Attempts to take sides or attach blame do not get anyone closer to resolution, as long as we continue to operate within our archaic, increasingly irrelevant system of education.

Frustrations will continue as long as we try to impose a factory model, requiring every child to jump on a conveyor belt of generic learning that meets the needs of a relatively few “average” children.

With more and more so-called “special needs,” traditional teaching can’t function. We need to change the focus: start with the children, empower them to discover their own gifts, and follow their innate passions for learning.

Teachers need the freedom to tap their own genius for teaching, instead of being restricted to a one-size-fits-all set of learning outcomes.

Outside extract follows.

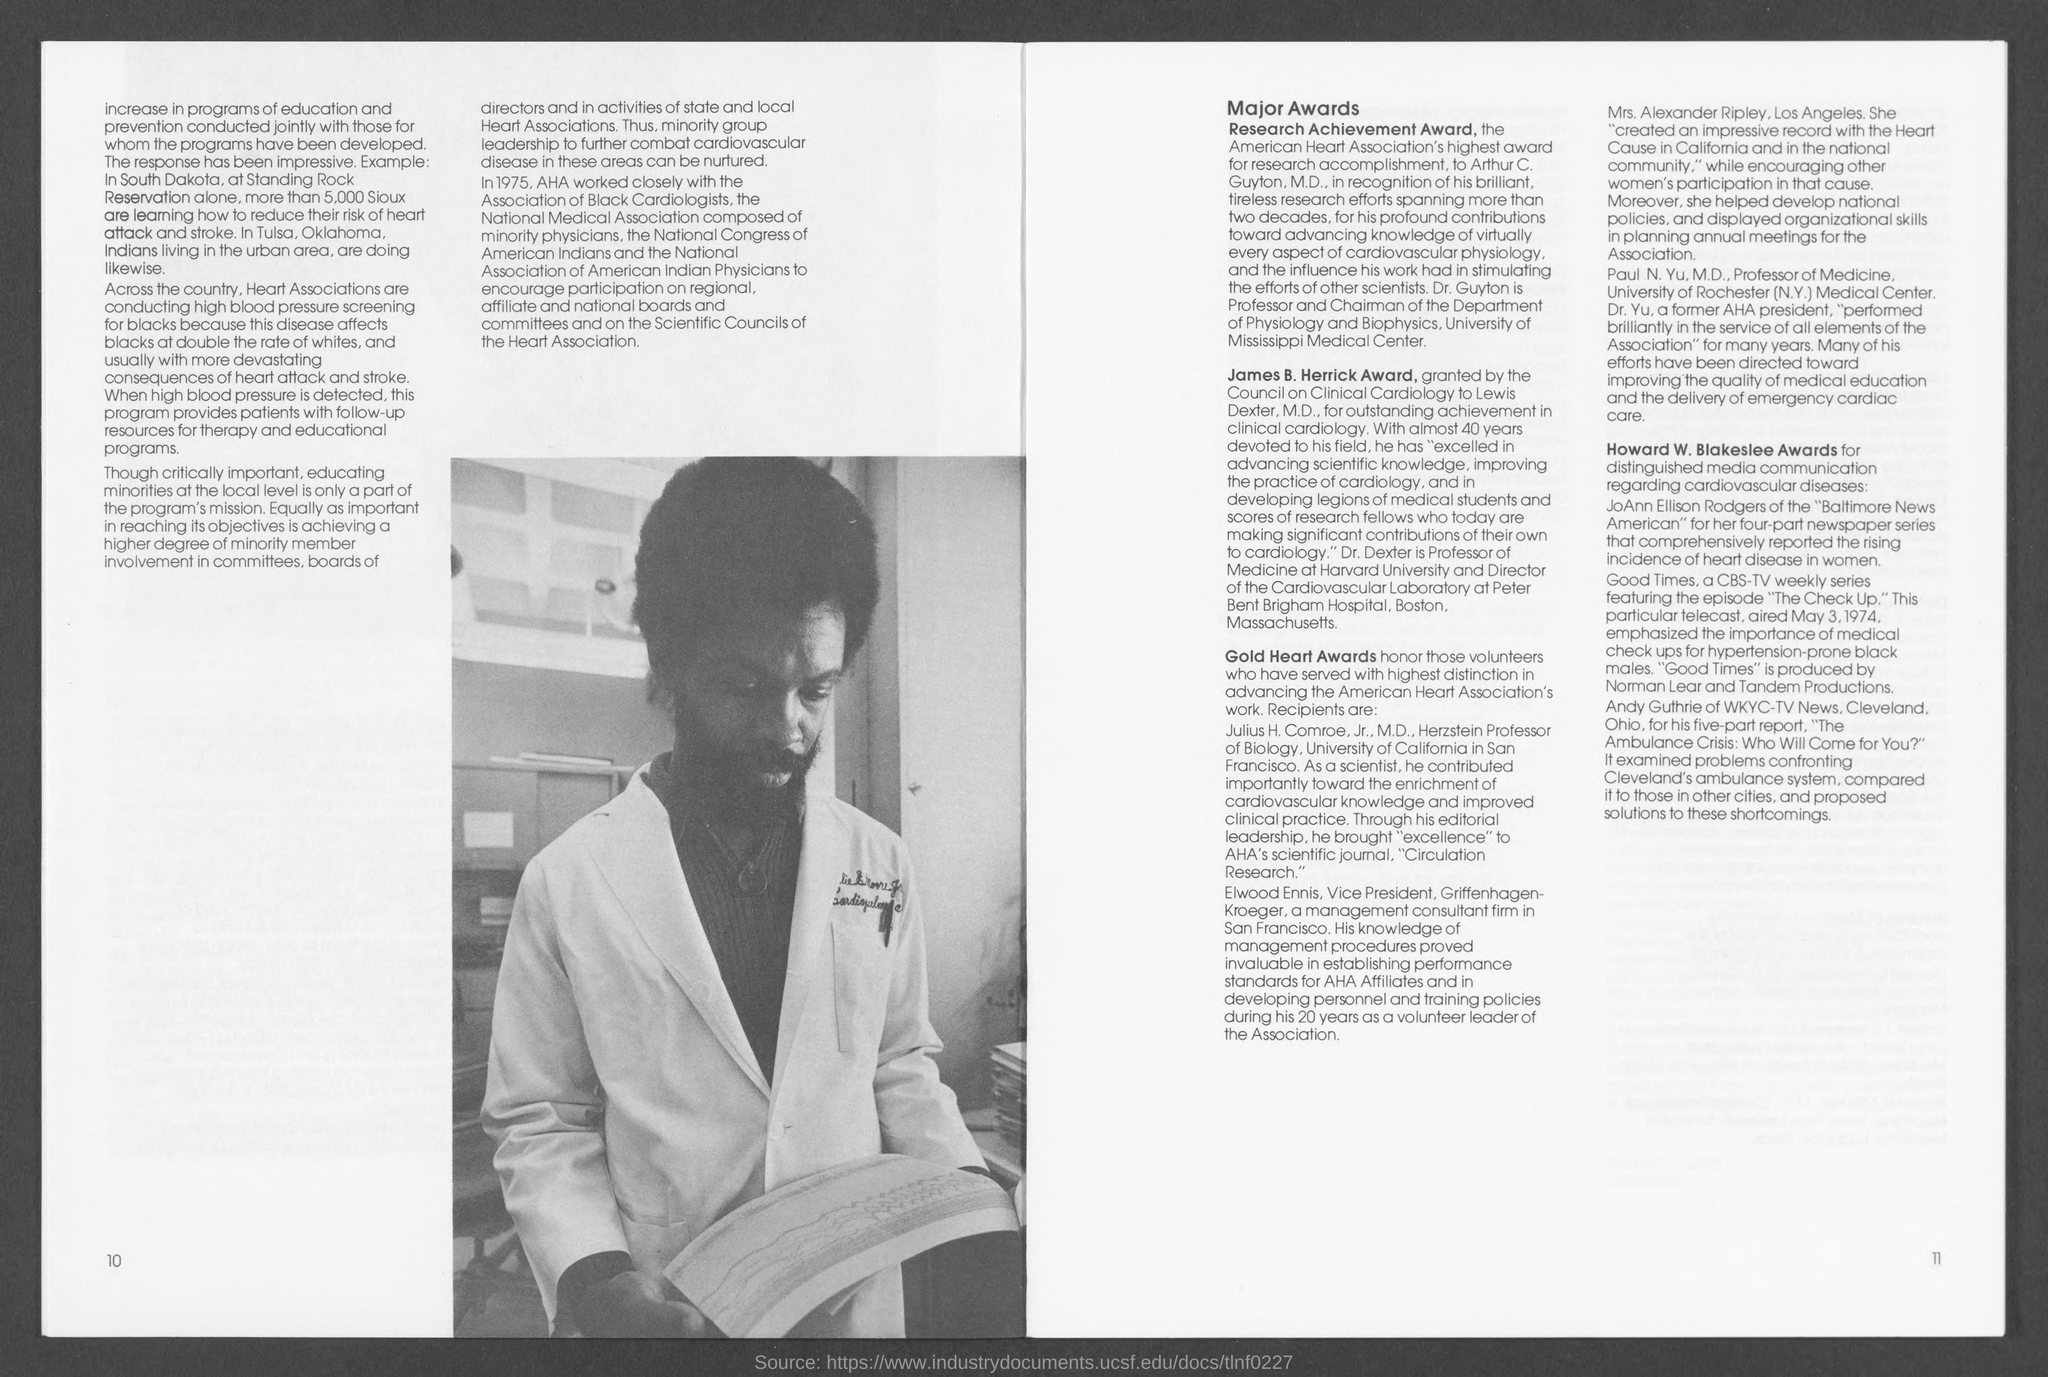What is the number at bottom-left corner of the page ?
Offer a terse response. 10. What is the number at bottom- right corner of the page ?
Keep it short and to the point. 11. 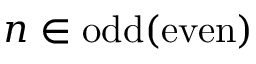Convert formula to latex. <formula><loc_0><loc_0><loc_500><loc_500>n \in o d d ( e v e n )</formula>

The founders of Amazon.com, Wikipedia, and Google were thus empowered in the Montessori system.

What is required is a fundamental shift in attitude, a shift in approach to children, and a lifting of the increasingly restrictive requirements of a government that is out of touch.

After 10 years attempting to meet children’s individual needs in a public system, I founded my own school.

I regret having to limit our enrolment to those who can afford to pay extra fees, but I hold to the hope that one day the thousands of successful students who have benefited from our school over the past 28 years will eventually leaven enough thought to create the shift in the system required to prevent continuation of our present frustrations.